WDLK
- Dadeville, Alabama; United States;
- Frequency: 1450 kHz

Ownership
- Owner: Progressive United Communications, Inc.

History
- First air date: 1980
- Last air date: May 2012

Technical information
- Facility ID: 15281
- Class: C
- Power: 1,000 watts (unlimited)
- Transmitter coordinates: 32°50′56″N 85°46′10″W﻿ / ﻿32.84889°N 85.76944°W

= WDLK (AM) =

WDLK (1450 AM) was a radio station licensed to serve Dadeville, Alabama, United States. The station was owned by Progressive United Communications, Inc.

WDLK broadcast a hot adult contemporary music format.

==History==
This station received its license to cover from the Federal Communications Commission on October 10, 1980. The new station was assigned the call letters WDLK by the FCC.

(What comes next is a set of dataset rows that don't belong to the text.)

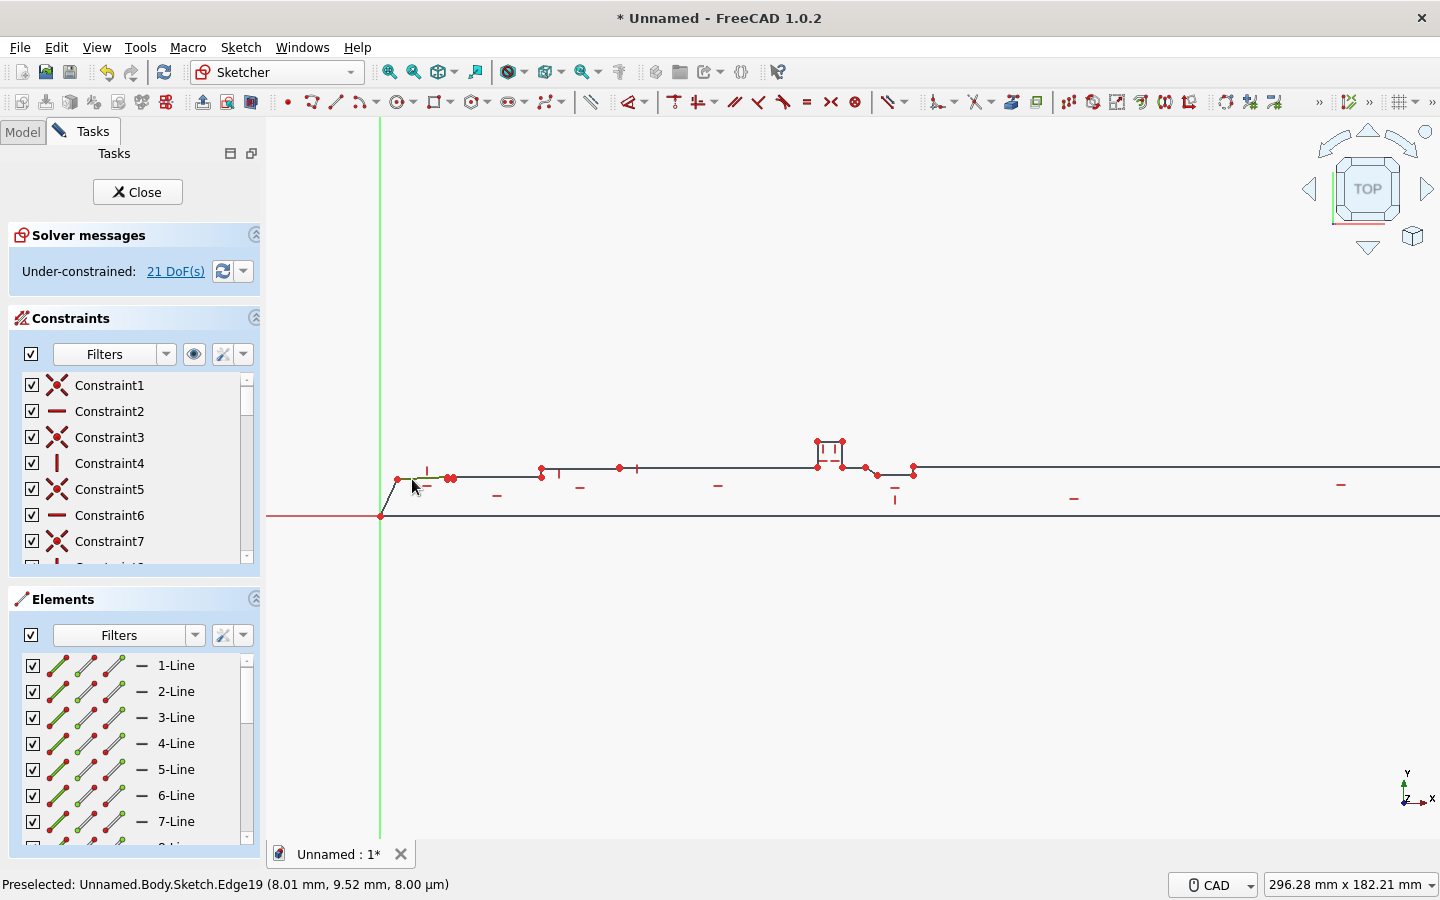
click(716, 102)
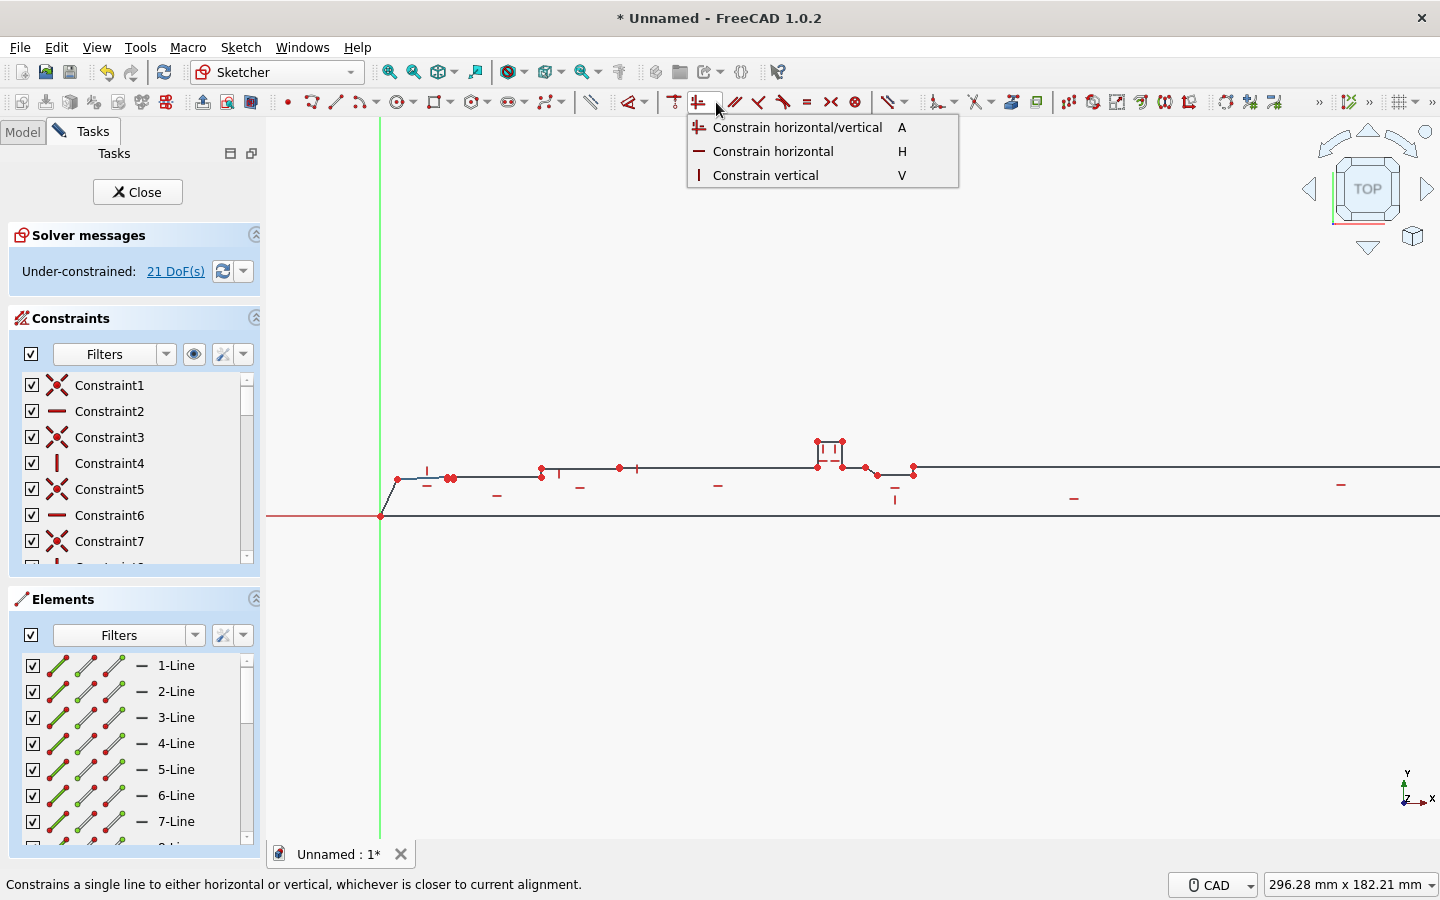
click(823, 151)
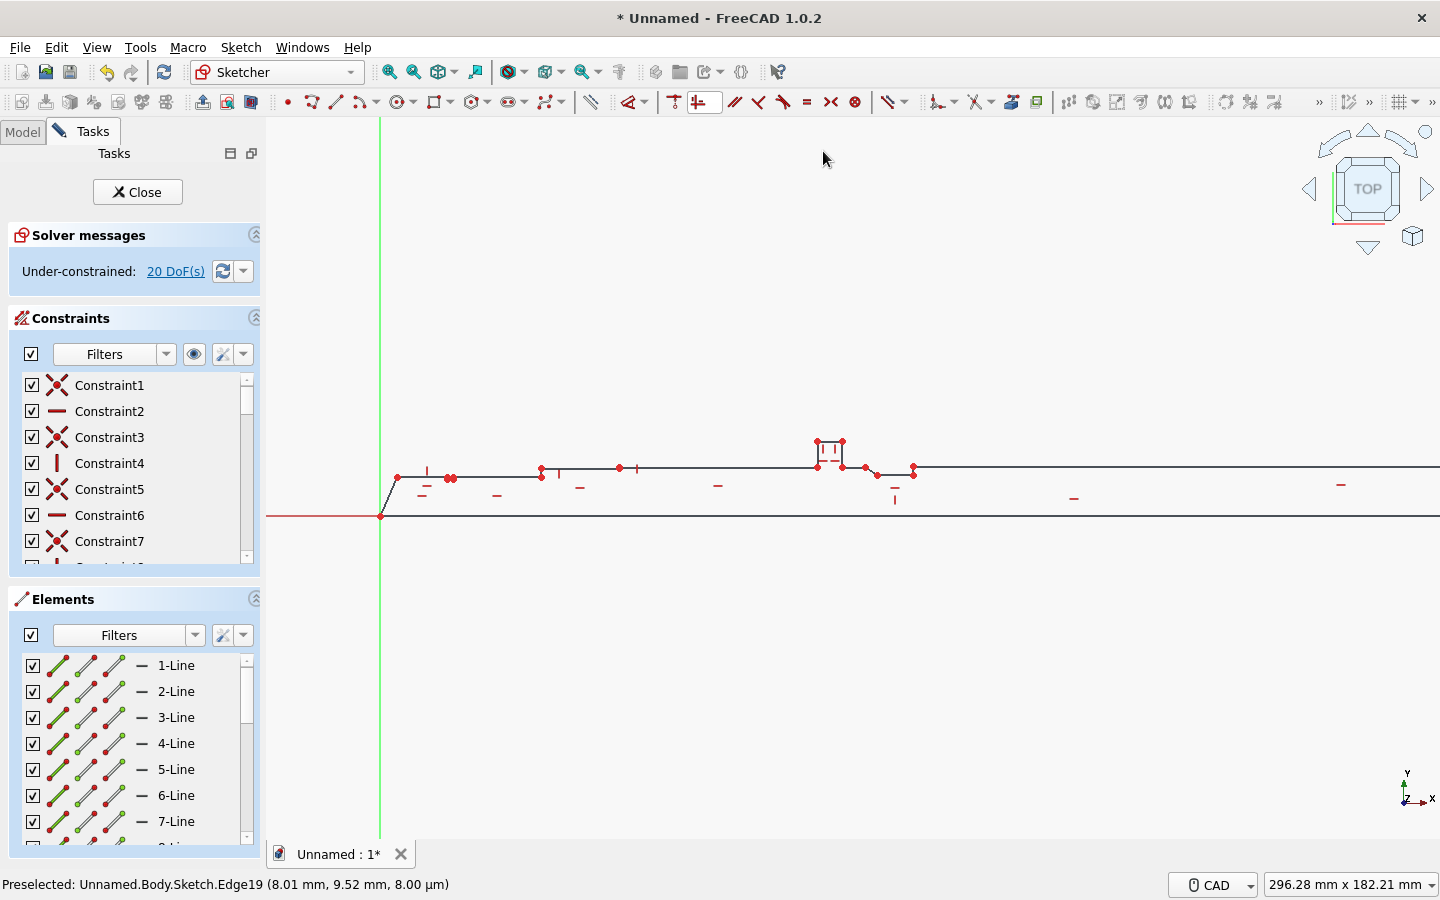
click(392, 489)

In December 1988, Fidelity Broadcasting, Inc. entered into an agreement to sell the station to Dale Broadcasting, Inc. The Federal Communications Commission (FCC) approved the deal on January 12, 1989, and the transaction was completed on February 28, 1989.

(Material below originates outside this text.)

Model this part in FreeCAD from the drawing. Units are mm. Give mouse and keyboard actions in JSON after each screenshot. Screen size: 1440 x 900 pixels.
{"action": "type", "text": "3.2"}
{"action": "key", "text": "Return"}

In July 1997, Dale Broadcasting, Inc., reached an agreement to sell this station to Little America Business Organization. The deal was approved by the FCC on August 21, 1997, and the transaction was consummated on October 17, 1997.

In June 2000, Little America Business Organization (Dr. James Nicholls, principal) reached an agreement to sell this station to Progressive United Communications Inc. (Frank C. Cummings, chairman) for a reported sale price of $45,000. The deal was approved by the FCC on September 12, 2000, and the transaction was consummated on November 6, 2000. At the time of the sale, WDLK broadcast a news/talk radio format.

On May 9, 2012, the FCC informed the then-silent WDLK that its license would be cancelled if the station remained silent for more than 12 months. The FCC cancelled the station's license on April 30, 2013.